Read the lines below, and copy any that contain the string "roll".

++++++

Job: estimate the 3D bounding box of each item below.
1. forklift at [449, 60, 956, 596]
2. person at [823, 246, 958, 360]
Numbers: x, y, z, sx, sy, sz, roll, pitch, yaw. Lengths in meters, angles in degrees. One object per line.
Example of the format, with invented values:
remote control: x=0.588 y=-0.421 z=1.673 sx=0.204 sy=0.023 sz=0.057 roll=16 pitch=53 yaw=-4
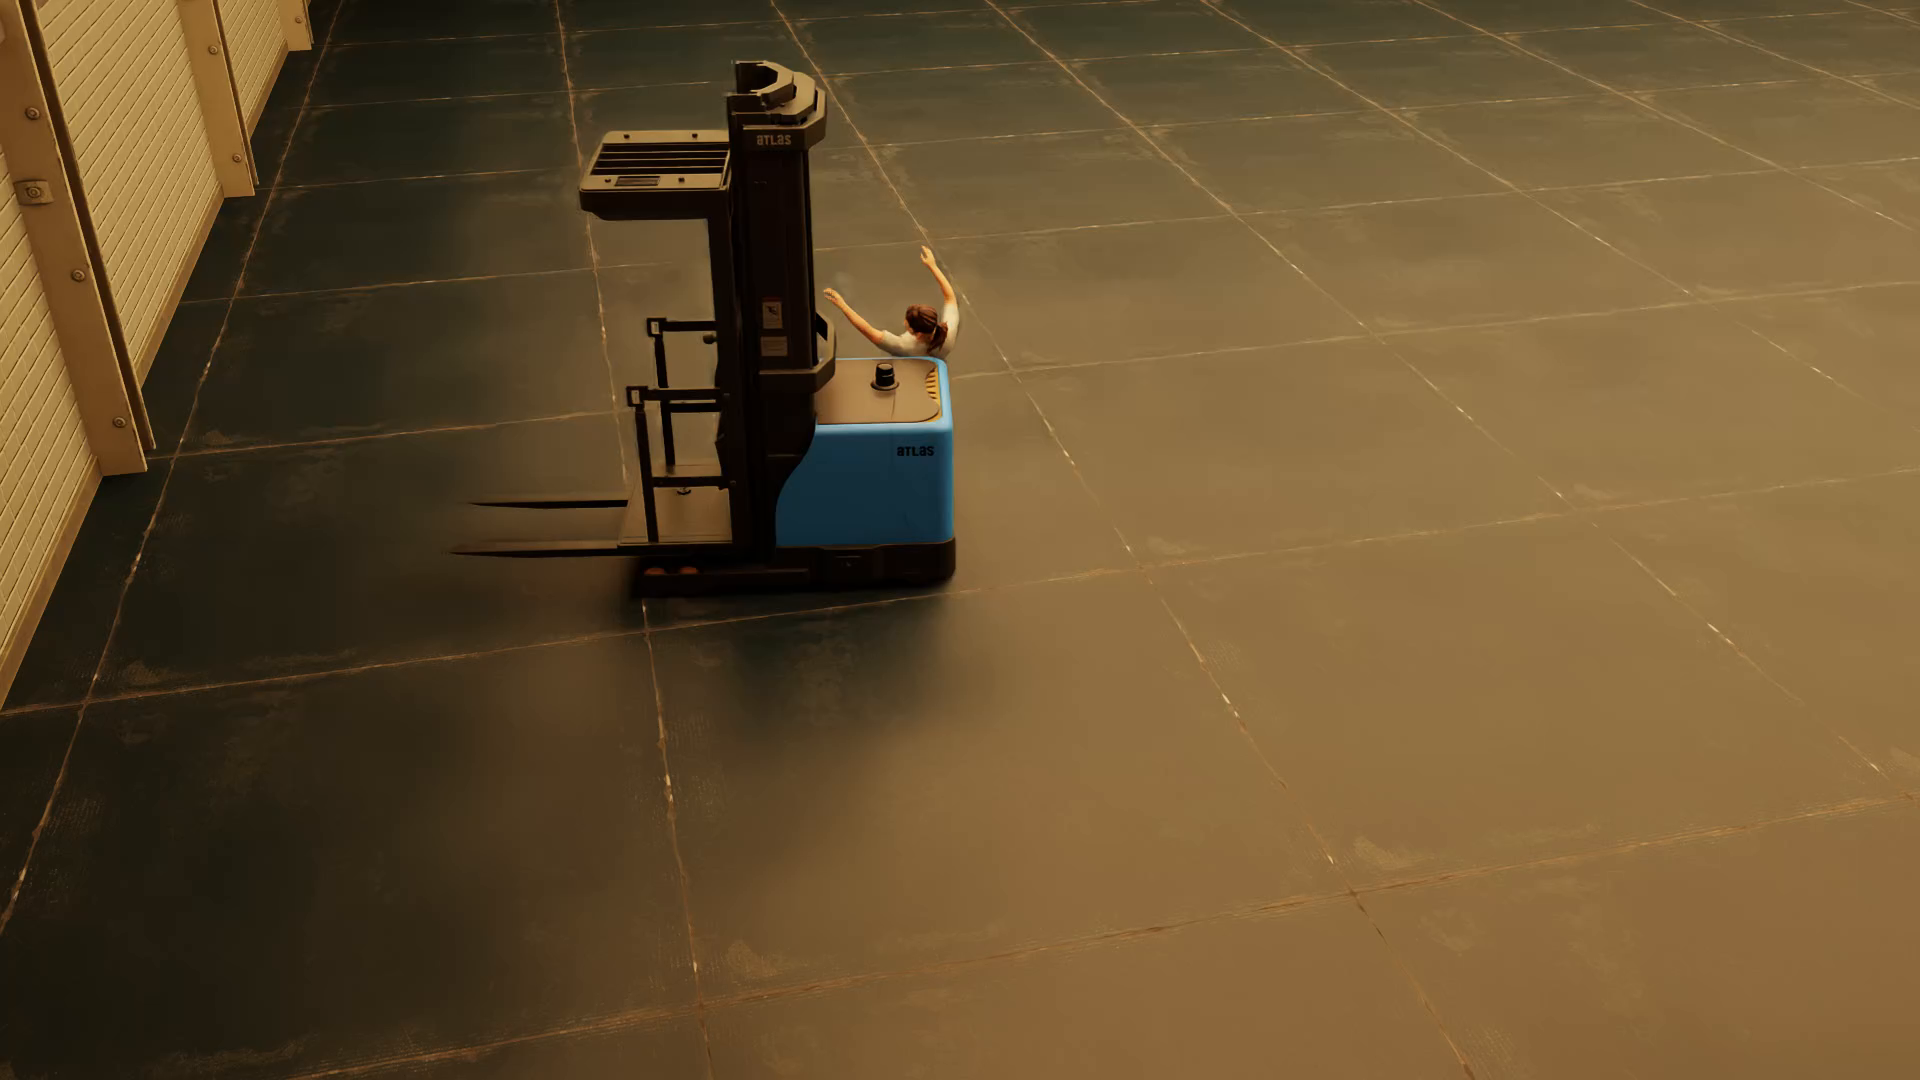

++++++

* [Finished exercise]
Numbers: x, y, z, sx, sy, sz, roll, pitch, yaw. Lengths in meters, angles in degrees. One object per line.
remote control: x=0.588 y=-0.421 z=1.673 sx=0.204 sy=0.023 sz=0.057 roll=16 pitch=53 yaw=-4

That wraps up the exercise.